Gansel hat sein Tiger-Team mit repräsentativen, grob skizzenhaften Lebensläufen ausgestattet: Der eine, ein Österreicher, ist Winzer, der andere war Lateinlehrer mit linken Neigungen, der dritte hat Frau und Kind im Bombenhagel verloren, der vierte ist mit der Schwester des fünften verlobt. Ein Nazi, wie bei Panzerbesatzungen damals durchaus üblich, ist nicht dabei. Aber alle zusammen haben etwas auf dem Kerbholz. Das wird immer klarer, je näher ihr Tiger seinem Ziel kommt. Das Verbrechen ist in Flammenschrift in ihre Köpfe geschrieben, aber sie müssen erst von Neuem ins Feuer schauen, damit es sich enthüllt. Insofern hat der Film einen Punkt: Im Krieg geht das Trauma in Serie. Jedenfalls bei den Tätern.

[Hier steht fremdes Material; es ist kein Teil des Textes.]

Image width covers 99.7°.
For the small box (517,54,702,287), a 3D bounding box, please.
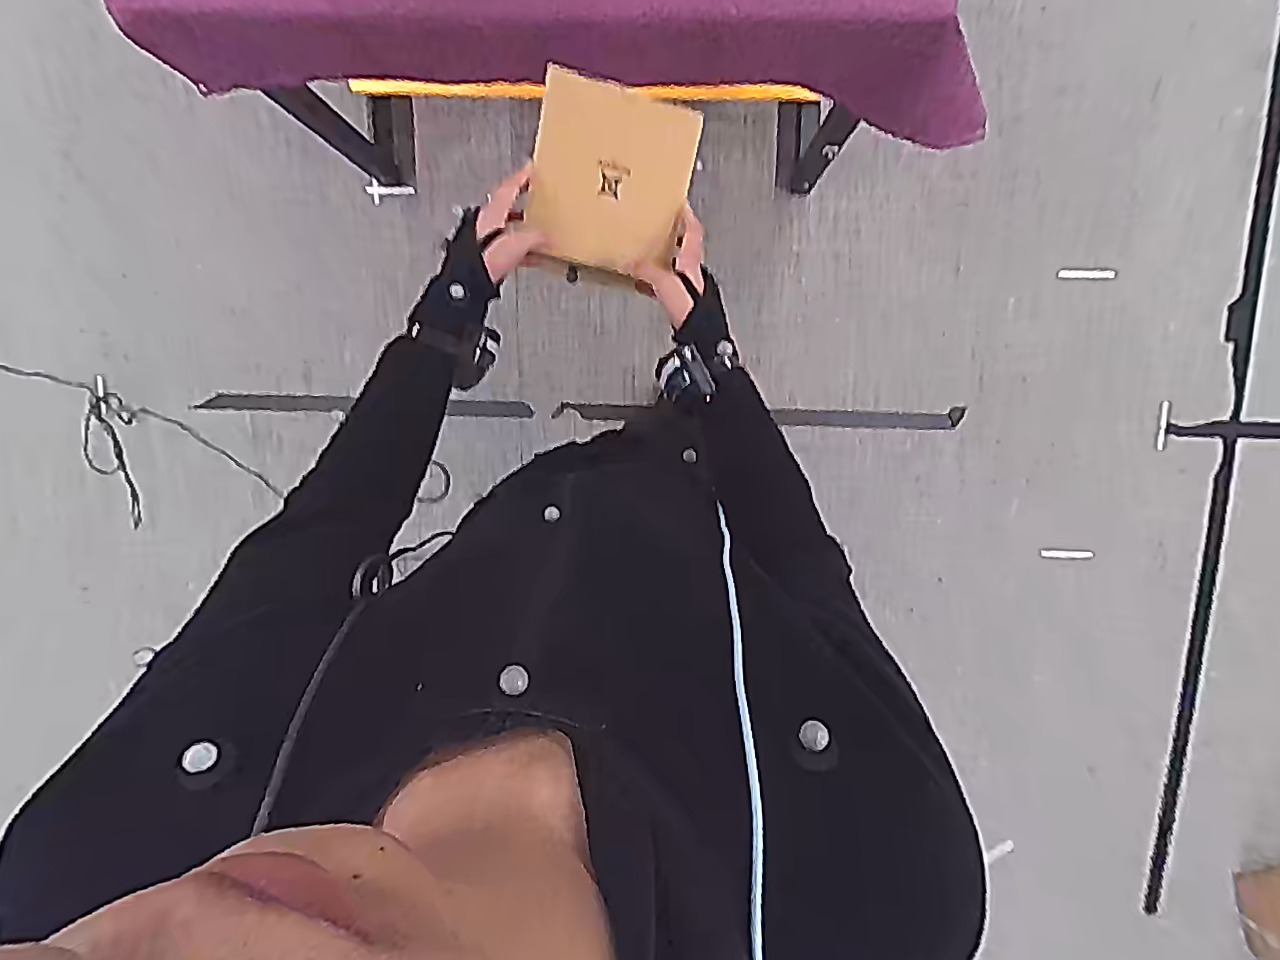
[{"bbox_3d":[-0.042,-0.337,0.634,0.168,0.176,0.179,10,102,-11],"label":"small box"}]

Das ist die eine, erzählerische Seite der Geschichte. Die andere ist das Genre mit seinen Stereotypen. Hier will Gansel Gefechtskompetenz beweisen. Den Tiger 131 aus Bovington, das einzige noch fahrtüchtige Exemplar des Typs, hat er zwar nicht bekommen, dafür aber einen Nachbau auf russischem Fahrgestell. Mit ihm spielt er Standardsituationen des Kriegskinos durch, beginnend mit der Sprengung einer Brücke, die sein Heldenquintett scheinbar knapp überlebt. Die unwahrscheinlichste Szene ist das Abtauchen mit Turmschnorchel vor einer Horde sowjetischer Verfolger. Sie zeigt zugleich, woran der Film krankt, denn die Gefahr, entdeckt und abgeschossen zu werden, wird nie real. Es gluckert, aber es kracht nicht.

Was dem Film den Hals bricht, ist sein Verhältnis zu der Realität, die er zeigt. Die fünf Männer fahren durch einen bösen Traum, und am Ende erfahren wir, dass es wirklich ein Traum war. Aber im Kino ist Symbolik mit Ansage der sicherste Weg, die Symbolkraft der Bilder zu hintertreiben. Dass die Kämpfer der Ostfront Tote auf Urlaub waren und ihr Weg in die Hölle führte, ist klar, man muss nicht noch ein Teufelchen dazu malen. Genau das tut Gansel: Er wirft seine Geschichte in den Ofen und ihre Moral hinterher. Das Grauen, das wir sahen, stand im Konjunktiv, der Film hat mit dem Feuer nur gespielt.
Vielleicht liegt aber gerade darin der Clou dieser Amazon-Produktion. Nach dem Kinostart taucht „Der Tiger“ noch vor Weihnachten in die Tiefen der Streamingwelt ab. Hier muss er sich mit Panzerdramen russischen („White Tiger“) und amerikanischen Fabrikats („Fury“) messen. Dabei geht es weniger um innere Wahrhaftigkeit als um spektakulären Waffengebrauch. Jetzt haben auch die Deutschen ihren Panzerfilm. Leider.